Ce texte est entré en vigueur en 2005. Il permet à l'époux qui subit le divorce ( divorce pour altération définitive du lien conjugal- divorce au bout de deux ans de séparation) ou qui obtient le prononcé du divorce pour faute aux torts exclusif de son époux (se) de solliciter des dommages et intérêts en réparation des conséquences d'une particulière gravité qu'il subit du fait de la dissolution du mariage.

Quelles sont ces conséquences d'une particulière gravité ?

La Cour de cassation apporte des précisions.

Elle considère qu'une épouse qui obtient le divorce aux torts exclusifs de son mari après 39 ans de mariage, dans des conditions difficiles ( il a recherché une nouvelle compagne) n'apporte pas assez d'élements pour caractériser les conséquences d'une particulière gravité subies du fait de la dissolution du mariage.

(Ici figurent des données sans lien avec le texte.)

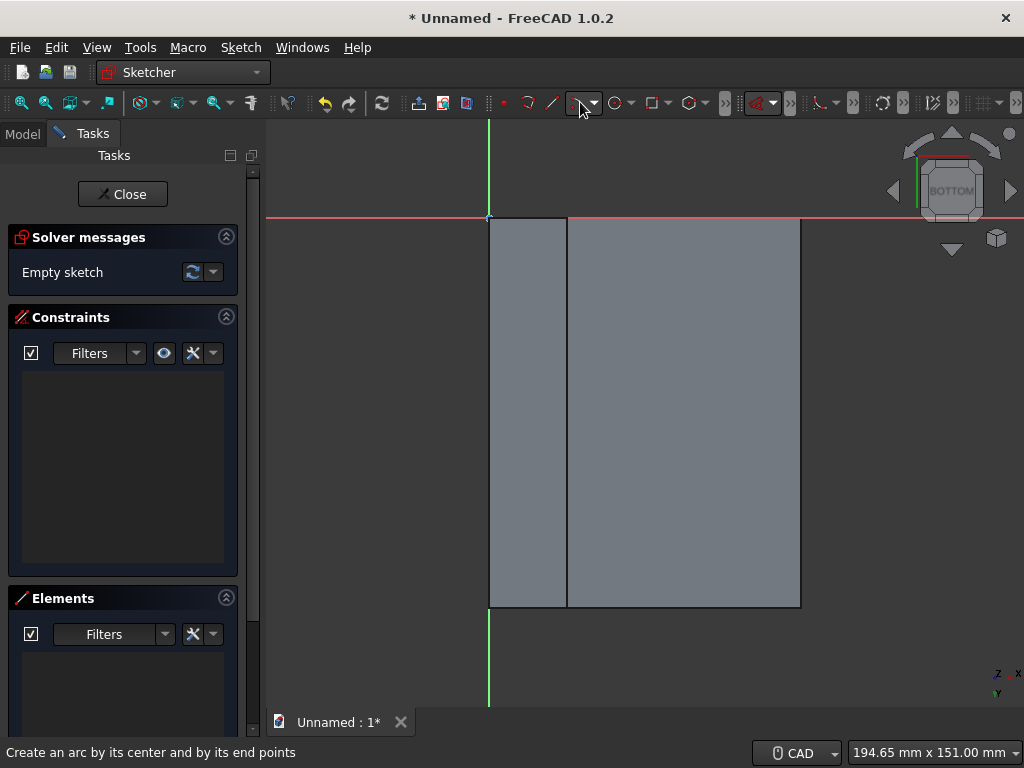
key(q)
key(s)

Ce texte est donc d'application difficile.

Cass. civ. 1, 1er juillet 2009, n° 08-17.825

Contact: cabinet@michelebaueravocate.com 100,Cours de Verdun 33000 BORDEAUX tél 05 47 74 51 50

* L'article 270 est relatif à la prestation compensatoire et le deuxième alinéa de ce texte dispose: "Toutefois, le juge peut refuser d'accorder une telle prestation si l'équité le commande, soit en considération des critères prévus à l'article 271, soit lorsque le divorce est prononcé aux torts exclusifs de l'époux qui demande le bénéfice de cette prestation, au regard des circonstances particulières de la rupture."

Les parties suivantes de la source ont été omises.